Data supplied: Begin

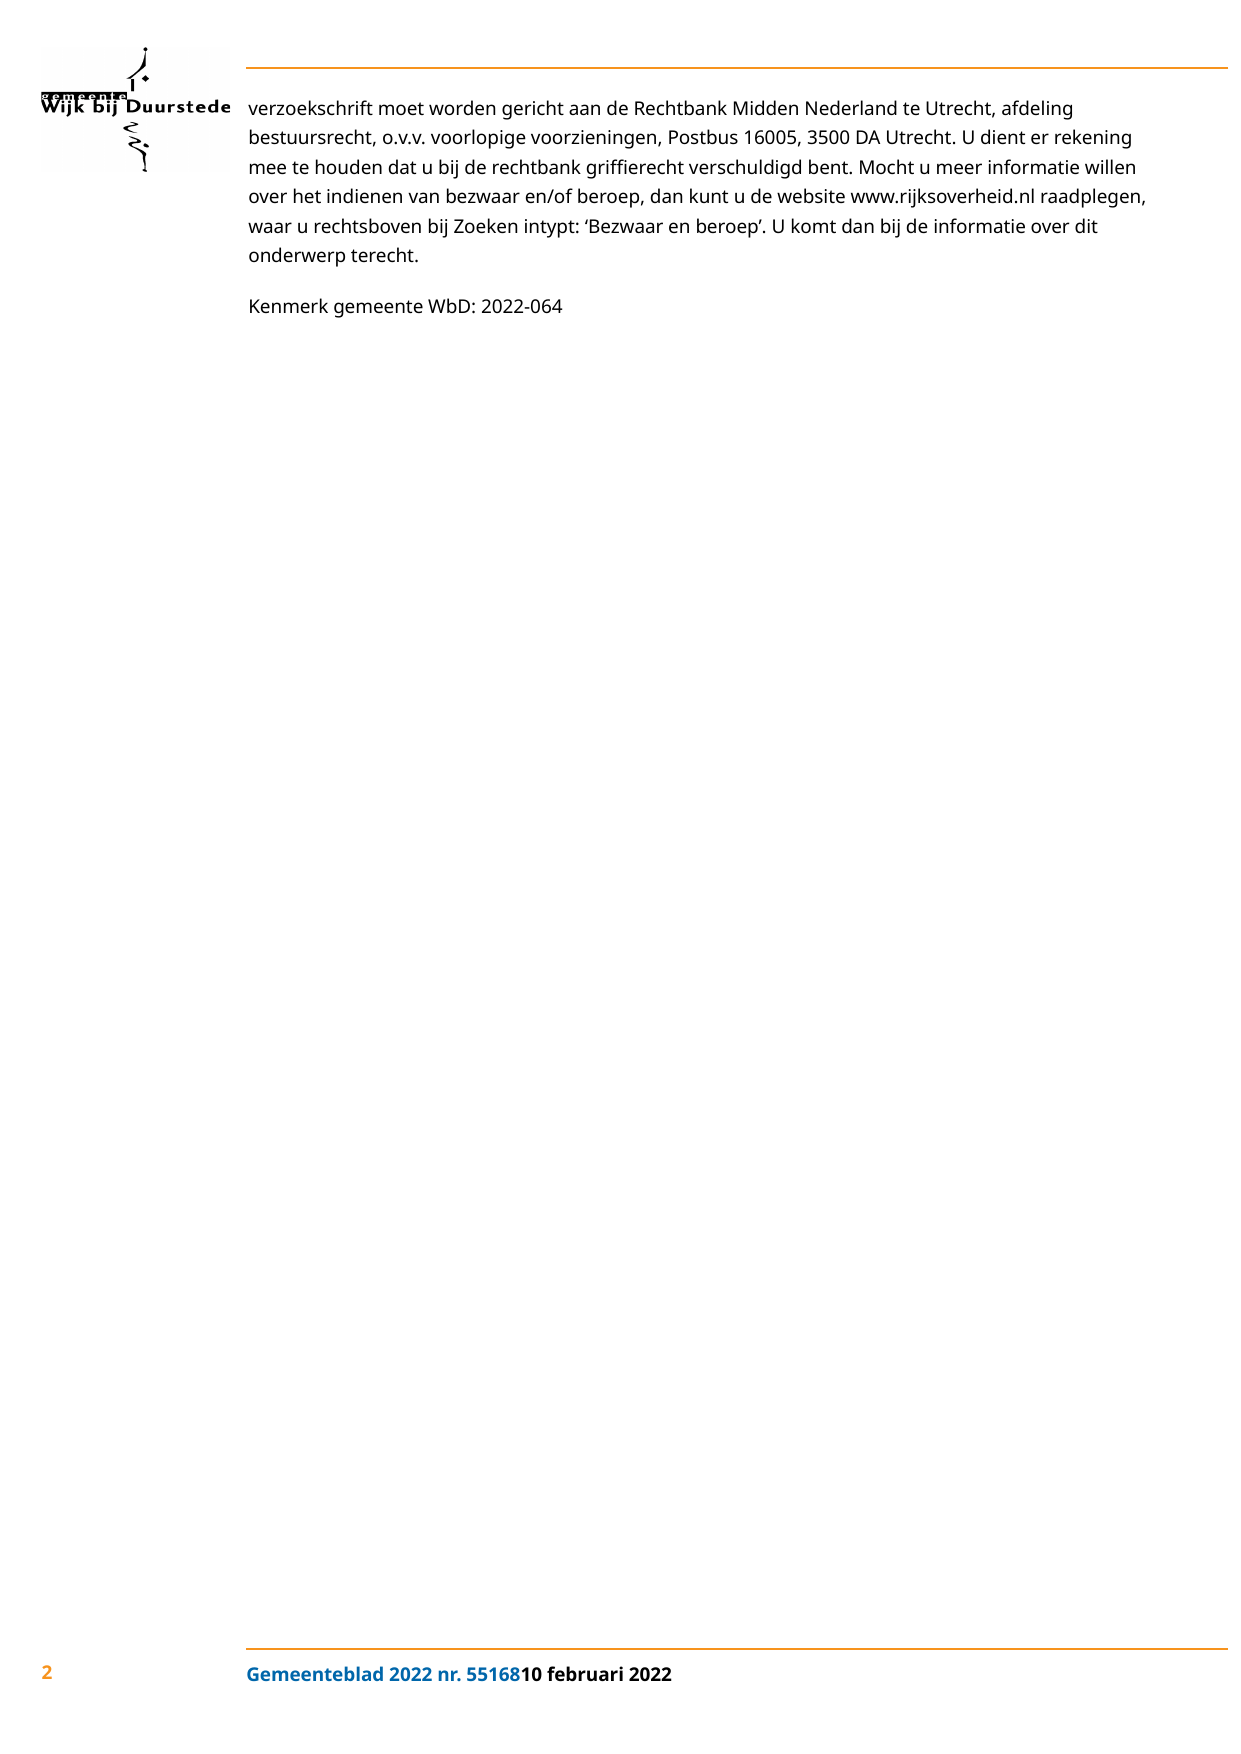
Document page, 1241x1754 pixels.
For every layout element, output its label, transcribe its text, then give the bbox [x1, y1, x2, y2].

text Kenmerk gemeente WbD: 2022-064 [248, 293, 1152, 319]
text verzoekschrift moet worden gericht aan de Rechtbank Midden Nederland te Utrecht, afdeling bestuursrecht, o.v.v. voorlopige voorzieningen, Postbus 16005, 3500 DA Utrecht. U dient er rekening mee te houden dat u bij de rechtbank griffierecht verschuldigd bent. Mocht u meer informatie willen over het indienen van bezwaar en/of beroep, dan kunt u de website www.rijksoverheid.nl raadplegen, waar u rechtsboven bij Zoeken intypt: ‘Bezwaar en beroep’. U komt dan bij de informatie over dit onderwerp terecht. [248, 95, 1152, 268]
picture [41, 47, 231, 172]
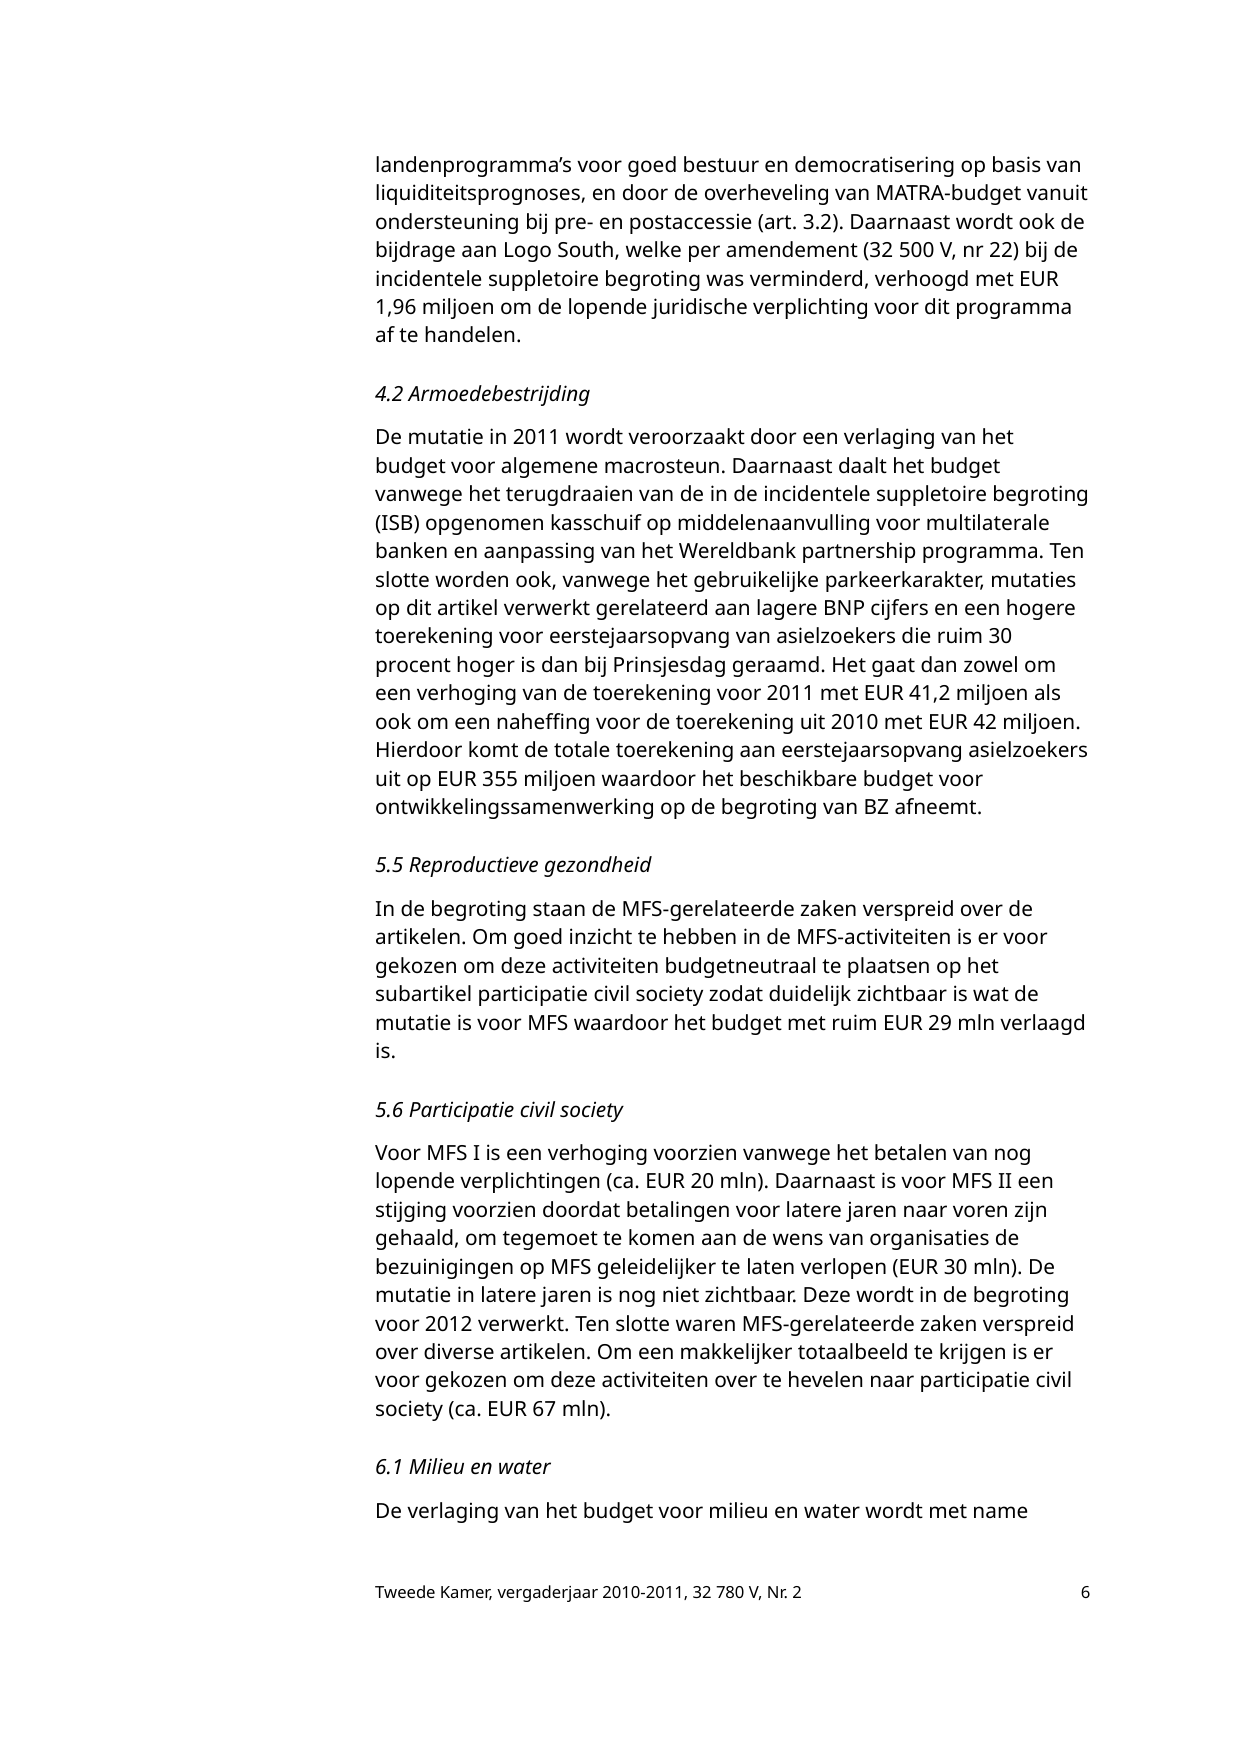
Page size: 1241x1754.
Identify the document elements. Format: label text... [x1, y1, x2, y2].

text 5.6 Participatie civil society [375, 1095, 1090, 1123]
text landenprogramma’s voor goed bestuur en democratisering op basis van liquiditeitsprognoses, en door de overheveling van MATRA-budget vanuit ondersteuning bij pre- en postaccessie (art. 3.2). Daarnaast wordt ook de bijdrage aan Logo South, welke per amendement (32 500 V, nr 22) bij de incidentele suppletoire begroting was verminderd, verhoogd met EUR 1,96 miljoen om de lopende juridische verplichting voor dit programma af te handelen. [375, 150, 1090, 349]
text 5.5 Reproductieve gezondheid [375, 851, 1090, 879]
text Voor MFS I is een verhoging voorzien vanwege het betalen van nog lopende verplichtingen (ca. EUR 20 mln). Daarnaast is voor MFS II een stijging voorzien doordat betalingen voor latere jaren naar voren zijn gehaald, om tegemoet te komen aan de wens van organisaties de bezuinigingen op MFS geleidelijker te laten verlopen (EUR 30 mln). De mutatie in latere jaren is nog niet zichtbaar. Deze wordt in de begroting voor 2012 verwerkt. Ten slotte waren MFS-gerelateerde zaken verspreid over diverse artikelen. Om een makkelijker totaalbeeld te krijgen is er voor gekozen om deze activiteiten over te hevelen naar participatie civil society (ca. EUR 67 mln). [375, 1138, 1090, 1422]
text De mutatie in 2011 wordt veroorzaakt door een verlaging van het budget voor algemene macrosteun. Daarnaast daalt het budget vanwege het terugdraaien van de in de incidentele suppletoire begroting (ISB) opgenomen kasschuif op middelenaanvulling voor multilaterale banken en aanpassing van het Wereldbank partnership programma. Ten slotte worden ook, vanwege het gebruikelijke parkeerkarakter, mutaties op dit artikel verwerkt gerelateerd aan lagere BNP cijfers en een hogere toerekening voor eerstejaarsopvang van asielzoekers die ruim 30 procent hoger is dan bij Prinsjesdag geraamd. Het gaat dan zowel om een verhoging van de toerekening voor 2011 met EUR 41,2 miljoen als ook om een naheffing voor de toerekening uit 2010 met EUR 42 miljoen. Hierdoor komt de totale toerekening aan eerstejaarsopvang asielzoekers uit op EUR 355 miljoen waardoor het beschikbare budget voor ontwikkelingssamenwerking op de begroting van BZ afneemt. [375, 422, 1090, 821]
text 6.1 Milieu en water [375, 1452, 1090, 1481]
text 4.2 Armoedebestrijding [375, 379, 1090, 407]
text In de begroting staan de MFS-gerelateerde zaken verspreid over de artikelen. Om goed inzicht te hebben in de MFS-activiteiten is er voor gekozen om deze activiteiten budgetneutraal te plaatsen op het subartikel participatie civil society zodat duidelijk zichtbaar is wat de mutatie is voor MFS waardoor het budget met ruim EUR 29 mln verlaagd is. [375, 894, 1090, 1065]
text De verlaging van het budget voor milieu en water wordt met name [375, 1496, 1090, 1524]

Data supplied: End

Your task:
Your answer must be the exact lines of the records from the first one through the line containing "text Voor MFS", with no pictures in it.

Response:
Document page, 1241x1754 pixels.
For every layout element, output its label, transcribe its text, then give the bbox [x1, y1, x2, y2].

text Kenmerk gemeente WbD: 2022-064 [248, 293, 1152, 319]
text verzoekschrift moet worden gericht aan de Rechtbank Midden Nederland te Utrecht, afdeling bestuursrecht, o.v.v. voorlopige voorzieningen, Postbus 16005, 3500 DA Utrecht. U dient er rekening mee te houden dat u bij de rechtbank griffierecht verschuldigd bent. Mocht u meer informatie willen over het indienen van bezwaar en/of beroep, dan kunt u de website www.rijksoverheid.nl raadplegen, waar u rechtsboven bij Zoeken intypt: ‘Bezwaar en beroep’. U komt dan bij de informatie over dit onderwerp terecht. [248, 95, 1152, 268]
picture [41, 47, 231, 172]
Page size: 1241x1754.
Identify the document elements. Format: label text... [x1, y1, x2, y2].

text 5.6 Participatie civil society [375, 1095, 1090, 1123]
text landenprogramma’s voor goed bestuur en democratisering op basis van liquiditeitsprognoses, en door de overheveling van MATRA-budget vanuit ondersteuning bij pre- en postaccessie (art. 3.2). Daarnaast wordt ook de bijdrage aan Logo South, welke per amendement (32 500 V, nr 22) bij de incidentele suppletoire begroting was verminderd, verhoogd met EUR 1,96 miljoen om de lopende juridische verplichting voor dit programma af te handelen. [375, 150, 1090, 349]
text 5.5 Reproductieve gezondheid [375, 851, 1090, 879]
text Voor MFS I is een verhoging voorzien vanwege het betalen van nog lopende verplichtingen (ca. EUR 20 mln). Daarnaast is voor MFS II een stijging voorzien doordat betalingen voor latere jaren naar voren zijn gehaald, om tegemoet te komen aan de wens van organisaties de bezuinigingen op MFS geleidelijker te laten verlopen (EUR 30 mln). De mutatie in latere jaren is nog niet zichtbaar. Deze wordt in de begroting voor 2012 verwerkt. Ten slotte waren MFS-gerelateerde zaken verspreid over diverse artikelen. Om een makkelijker totaalbeeld te krijgen is er voor gekozen om deze activiteiten over te hevelen naar participatie civil society (ca. EUR 67 mln). [375, 1138, 1090, 1422]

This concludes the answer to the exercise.